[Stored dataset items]
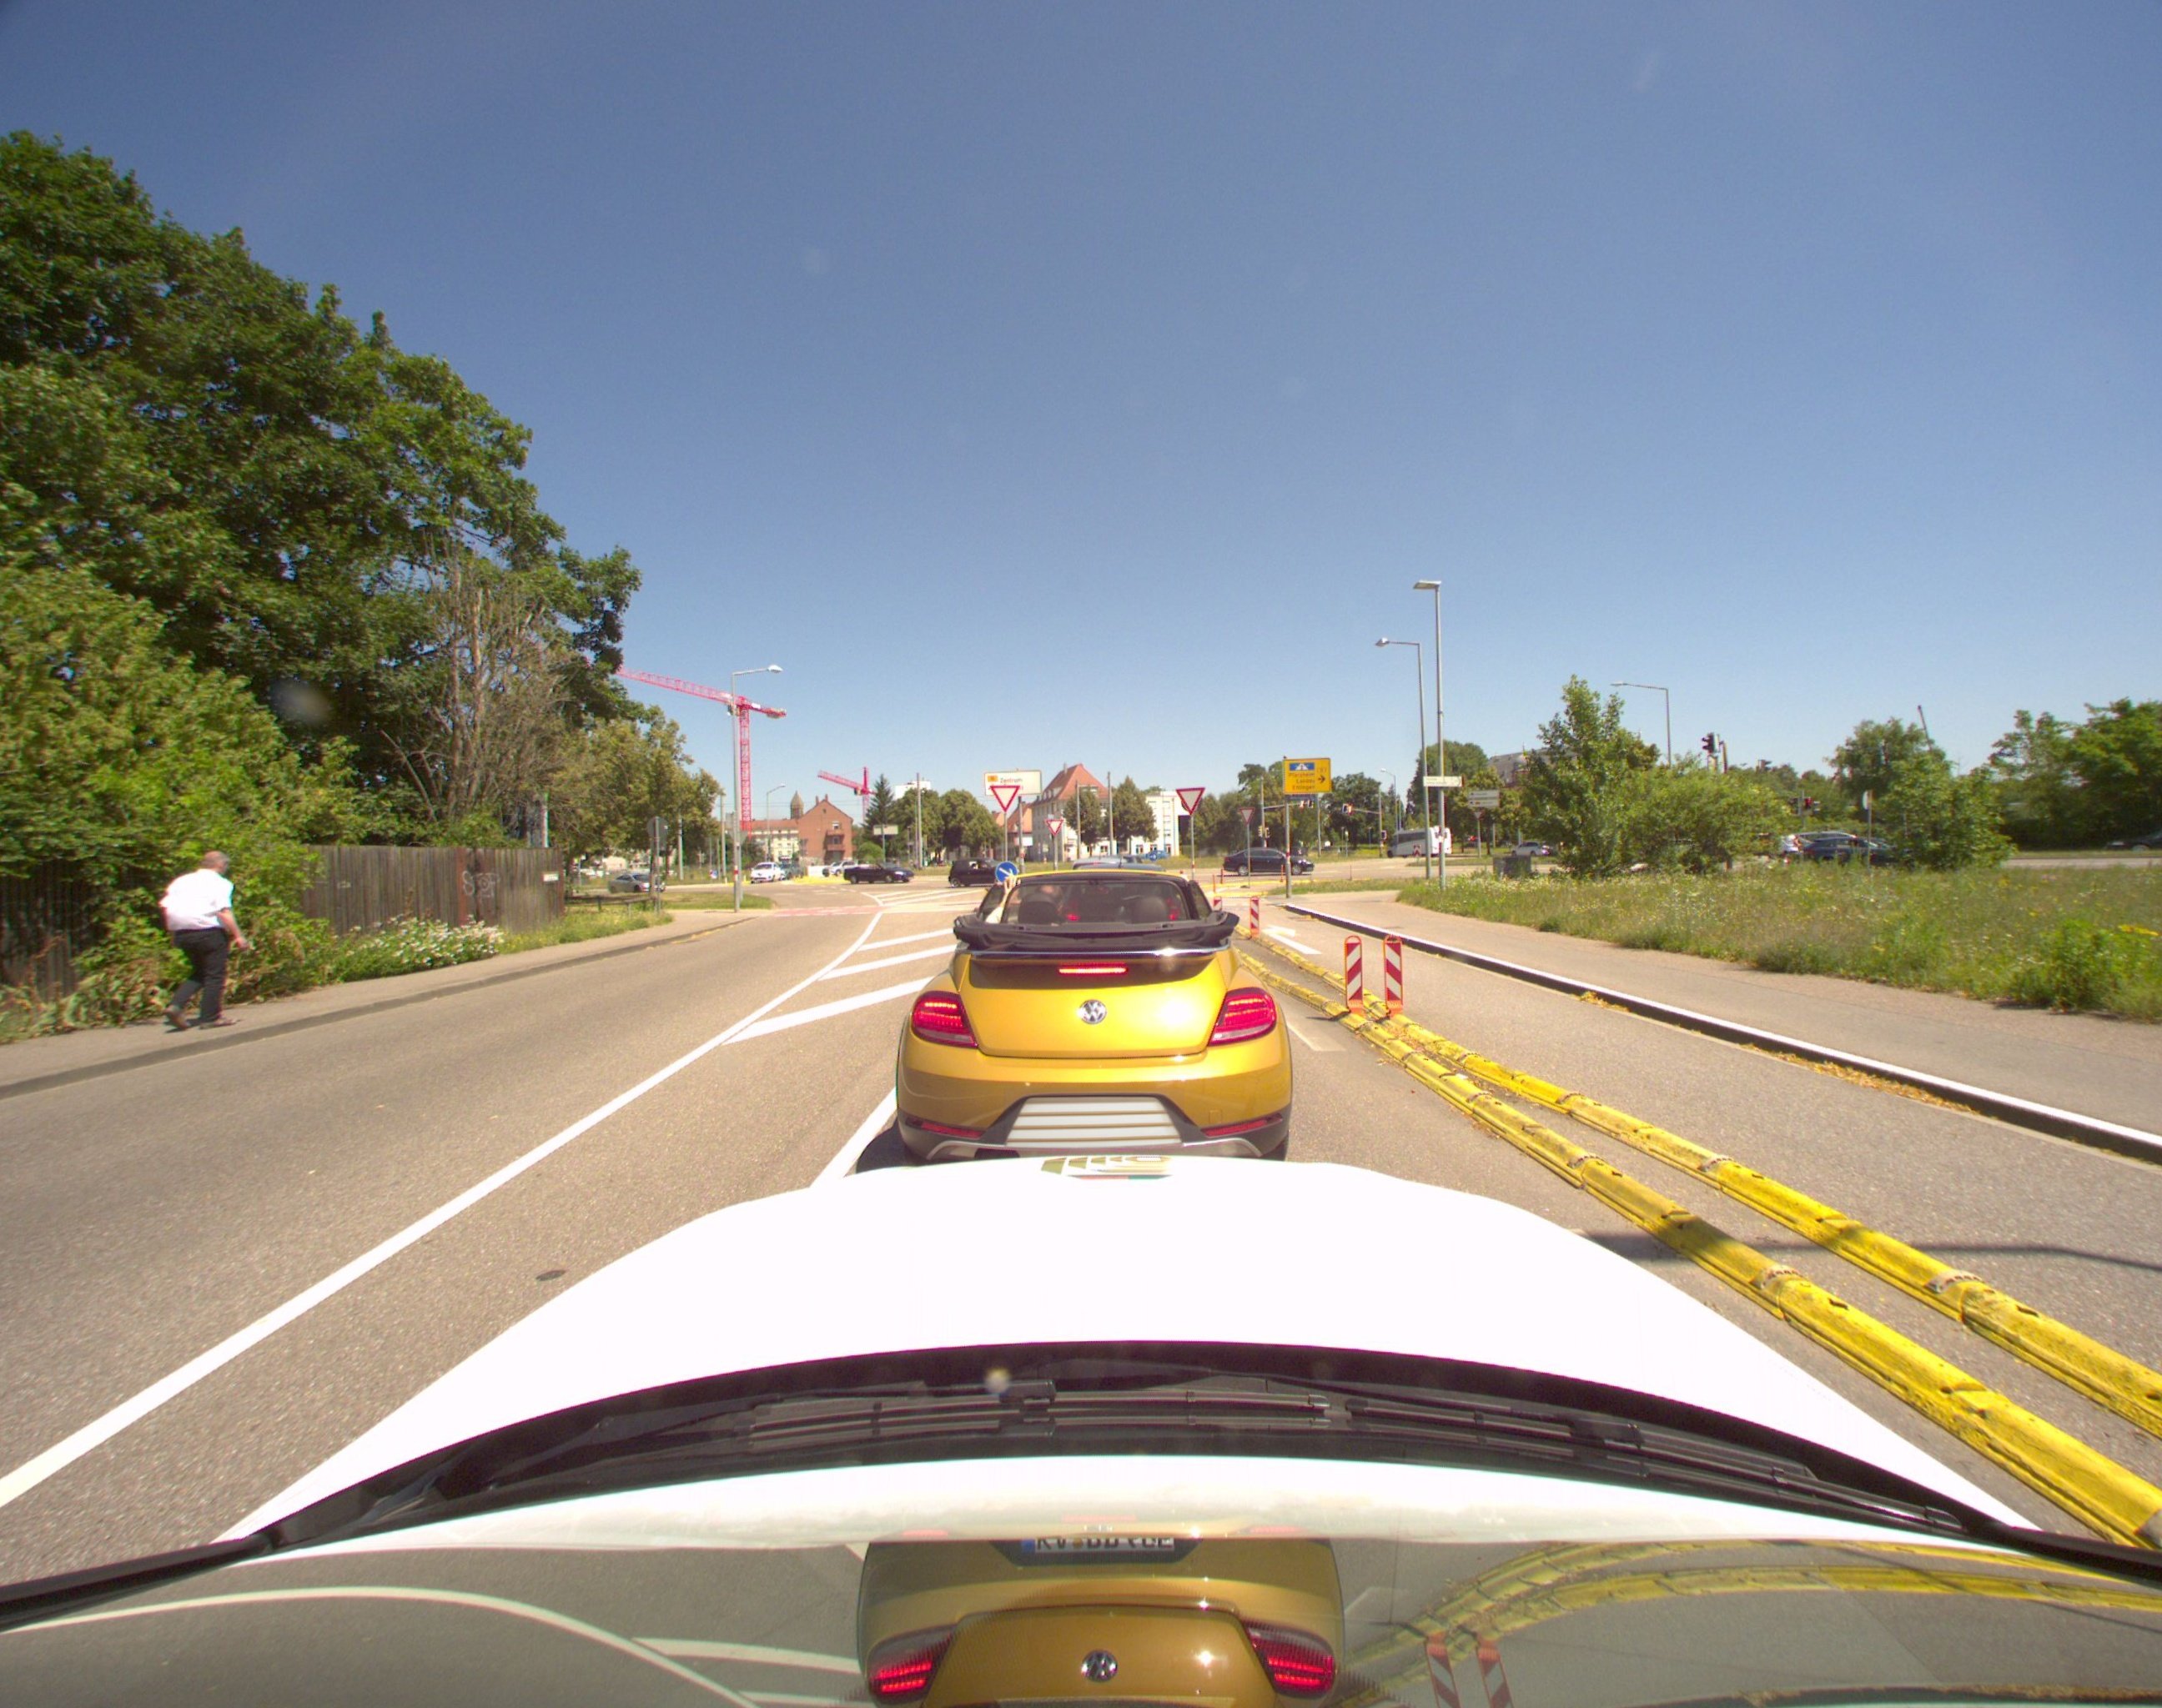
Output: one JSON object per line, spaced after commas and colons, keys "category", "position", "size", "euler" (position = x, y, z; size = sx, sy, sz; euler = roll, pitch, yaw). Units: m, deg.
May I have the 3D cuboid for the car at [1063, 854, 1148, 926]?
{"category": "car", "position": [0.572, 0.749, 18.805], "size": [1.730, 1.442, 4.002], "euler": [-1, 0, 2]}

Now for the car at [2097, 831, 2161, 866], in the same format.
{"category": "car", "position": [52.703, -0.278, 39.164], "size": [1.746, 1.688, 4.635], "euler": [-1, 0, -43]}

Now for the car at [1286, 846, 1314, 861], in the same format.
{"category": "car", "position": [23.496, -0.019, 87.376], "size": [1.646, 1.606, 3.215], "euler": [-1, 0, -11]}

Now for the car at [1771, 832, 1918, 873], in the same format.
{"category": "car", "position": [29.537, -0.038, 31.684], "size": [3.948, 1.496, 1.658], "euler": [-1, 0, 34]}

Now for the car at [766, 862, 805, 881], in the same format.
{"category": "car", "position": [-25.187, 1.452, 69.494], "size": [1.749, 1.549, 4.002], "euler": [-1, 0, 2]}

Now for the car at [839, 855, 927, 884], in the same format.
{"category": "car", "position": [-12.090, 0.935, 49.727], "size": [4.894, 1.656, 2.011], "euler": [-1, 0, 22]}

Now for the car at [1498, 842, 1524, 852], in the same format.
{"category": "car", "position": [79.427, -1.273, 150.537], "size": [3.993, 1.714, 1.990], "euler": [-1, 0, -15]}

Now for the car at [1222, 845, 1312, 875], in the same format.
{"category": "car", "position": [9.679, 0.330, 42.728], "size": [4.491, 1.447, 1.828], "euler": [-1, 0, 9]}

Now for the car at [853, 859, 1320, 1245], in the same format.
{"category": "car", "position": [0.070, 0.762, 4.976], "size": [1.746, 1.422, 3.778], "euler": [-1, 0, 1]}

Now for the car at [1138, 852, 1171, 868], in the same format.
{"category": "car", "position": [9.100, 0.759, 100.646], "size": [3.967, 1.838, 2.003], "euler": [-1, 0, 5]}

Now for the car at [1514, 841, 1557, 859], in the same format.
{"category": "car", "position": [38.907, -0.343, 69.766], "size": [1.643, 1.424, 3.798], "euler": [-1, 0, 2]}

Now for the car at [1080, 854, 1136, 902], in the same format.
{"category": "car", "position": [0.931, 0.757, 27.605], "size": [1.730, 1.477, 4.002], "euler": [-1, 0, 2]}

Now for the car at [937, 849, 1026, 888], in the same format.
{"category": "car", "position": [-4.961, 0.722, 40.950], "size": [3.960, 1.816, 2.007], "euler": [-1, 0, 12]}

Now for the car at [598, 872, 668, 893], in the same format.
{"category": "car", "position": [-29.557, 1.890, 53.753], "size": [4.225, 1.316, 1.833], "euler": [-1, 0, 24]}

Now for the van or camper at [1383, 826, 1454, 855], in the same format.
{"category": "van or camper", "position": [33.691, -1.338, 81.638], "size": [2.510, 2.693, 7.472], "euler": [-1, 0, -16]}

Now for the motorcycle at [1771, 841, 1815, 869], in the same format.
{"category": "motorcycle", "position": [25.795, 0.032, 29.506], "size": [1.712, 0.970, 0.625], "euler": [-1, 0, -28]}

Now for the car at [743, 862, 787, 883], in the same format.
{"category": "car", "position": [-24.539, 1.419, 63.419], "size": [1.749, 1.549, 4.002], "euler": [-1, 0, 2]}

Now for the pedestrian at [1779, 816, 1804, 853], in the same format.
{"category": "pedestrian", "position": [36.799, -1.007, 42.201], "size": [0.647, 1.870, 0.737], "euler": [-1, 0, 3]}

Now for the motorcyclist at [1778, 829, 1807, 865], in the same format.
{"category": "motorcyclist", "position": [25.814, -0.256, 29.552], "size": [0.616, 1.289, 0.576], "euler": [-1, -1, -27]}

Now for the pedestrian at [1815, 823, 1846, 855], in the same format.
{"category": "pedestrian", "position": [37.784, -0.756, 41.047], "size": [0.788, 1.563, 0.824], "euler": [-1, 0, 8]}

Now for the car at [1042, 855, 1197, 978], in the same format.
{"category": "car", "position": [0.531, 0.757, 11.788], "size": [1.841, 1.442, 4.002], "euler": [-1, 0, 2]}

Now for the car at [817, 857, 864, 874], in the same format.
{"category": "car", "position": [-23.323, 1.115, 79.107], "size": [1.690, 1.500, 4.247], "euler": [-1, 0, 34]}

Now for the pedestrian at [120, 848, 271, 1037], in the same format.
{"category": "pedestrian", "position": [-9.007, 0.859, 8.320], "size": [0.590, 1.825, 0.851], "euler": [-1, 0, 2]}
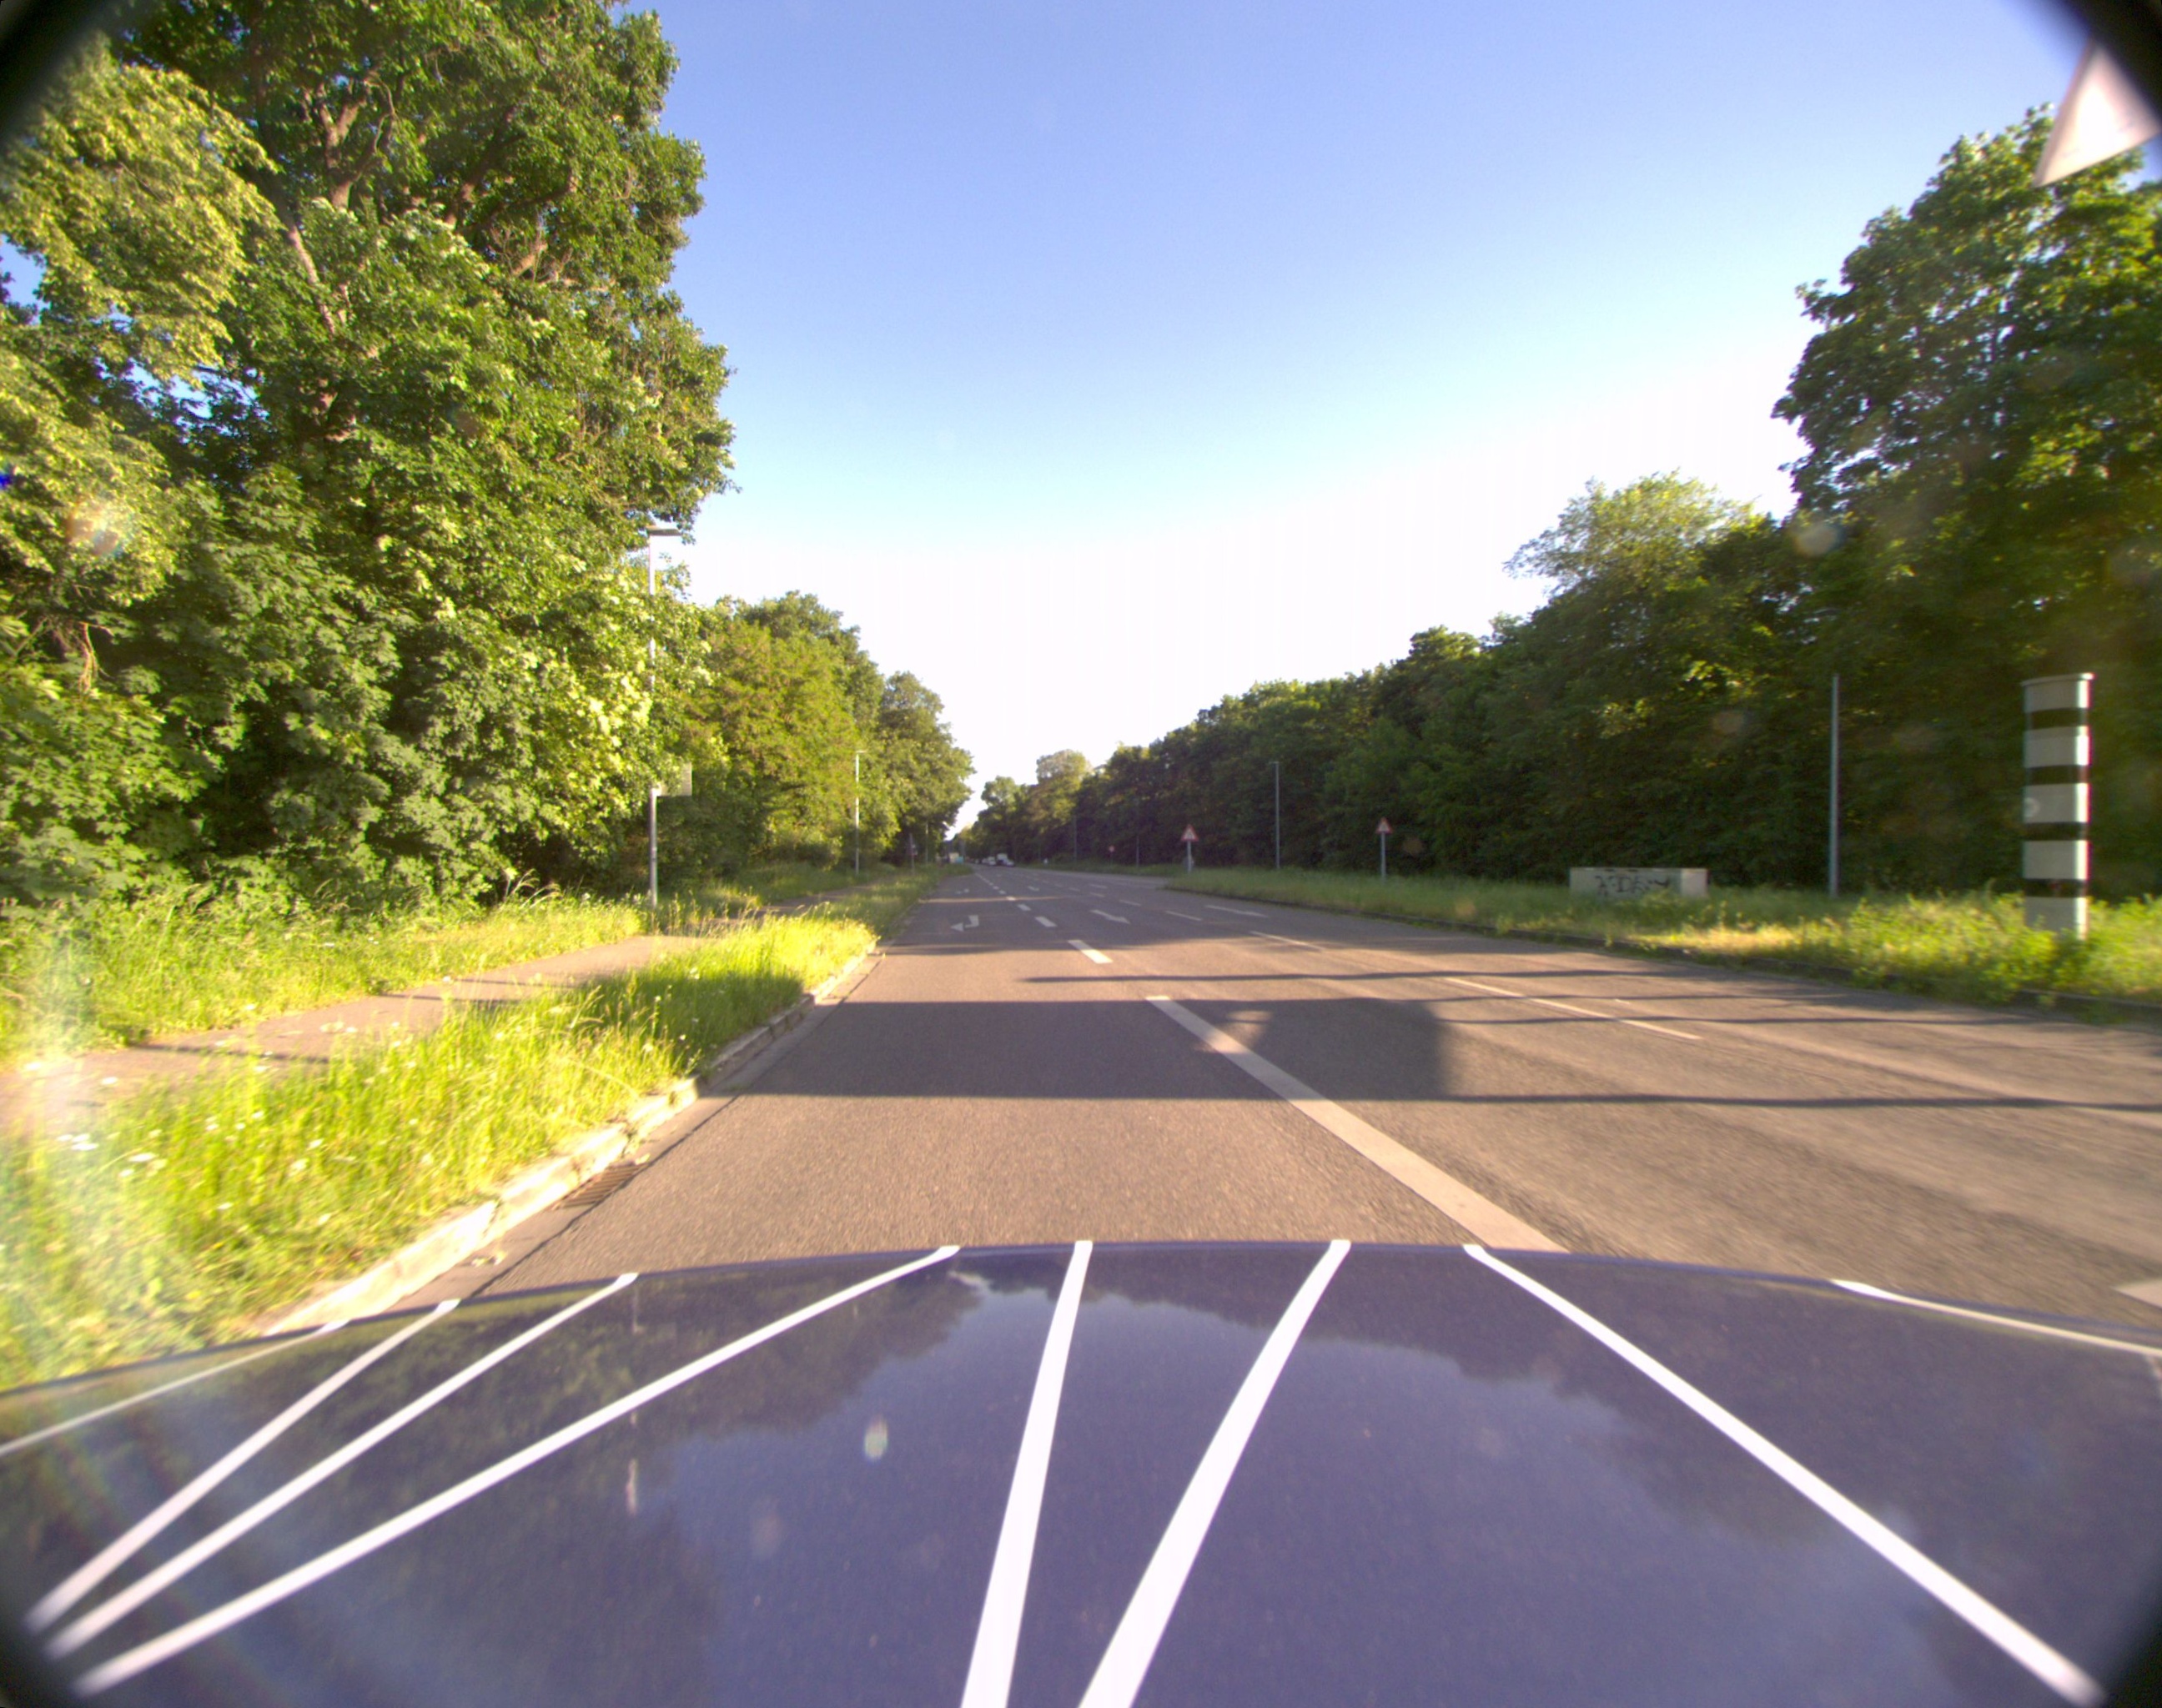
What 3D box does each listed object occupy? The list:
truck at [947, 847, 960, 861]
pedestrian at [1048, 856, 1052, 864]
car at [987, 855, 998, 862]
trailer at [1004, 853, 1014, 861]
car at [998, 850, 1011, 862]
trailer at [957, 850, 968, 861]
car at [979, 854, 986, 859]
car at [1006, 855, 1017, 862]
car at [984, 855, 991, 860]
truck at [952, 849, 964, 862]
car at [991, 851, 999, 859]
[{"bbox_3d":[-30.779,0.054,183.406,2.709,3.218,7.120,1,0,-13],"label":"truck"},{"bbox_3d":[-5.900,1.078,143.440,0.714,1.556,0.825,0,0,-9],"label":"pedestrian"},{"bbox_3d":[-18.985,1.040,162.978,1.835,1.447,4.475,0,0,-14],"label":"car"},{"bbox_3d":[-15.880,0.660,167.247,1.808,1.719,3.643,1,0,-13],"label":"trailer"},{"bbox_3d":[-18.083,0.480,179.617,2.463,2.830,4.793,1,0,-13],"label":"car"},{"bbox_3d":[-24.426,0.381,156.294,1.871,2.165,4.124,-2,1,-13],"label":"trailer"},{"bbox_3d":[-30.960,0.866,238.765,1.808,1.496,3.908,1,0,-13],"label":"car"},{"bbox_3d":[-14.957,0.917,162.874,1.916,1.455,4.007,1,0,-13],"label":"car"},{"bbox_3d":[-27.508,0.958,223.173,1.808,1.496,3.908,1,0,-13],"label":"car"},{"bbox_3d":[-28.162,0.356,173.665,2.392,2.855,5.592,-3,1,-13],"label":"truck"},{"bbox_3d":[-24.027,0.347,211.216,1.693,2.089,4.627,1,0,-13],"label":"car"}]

Goal of the exercise — Your reply should be one number: how many lines in the records contain "object".

Solution to the problem — 2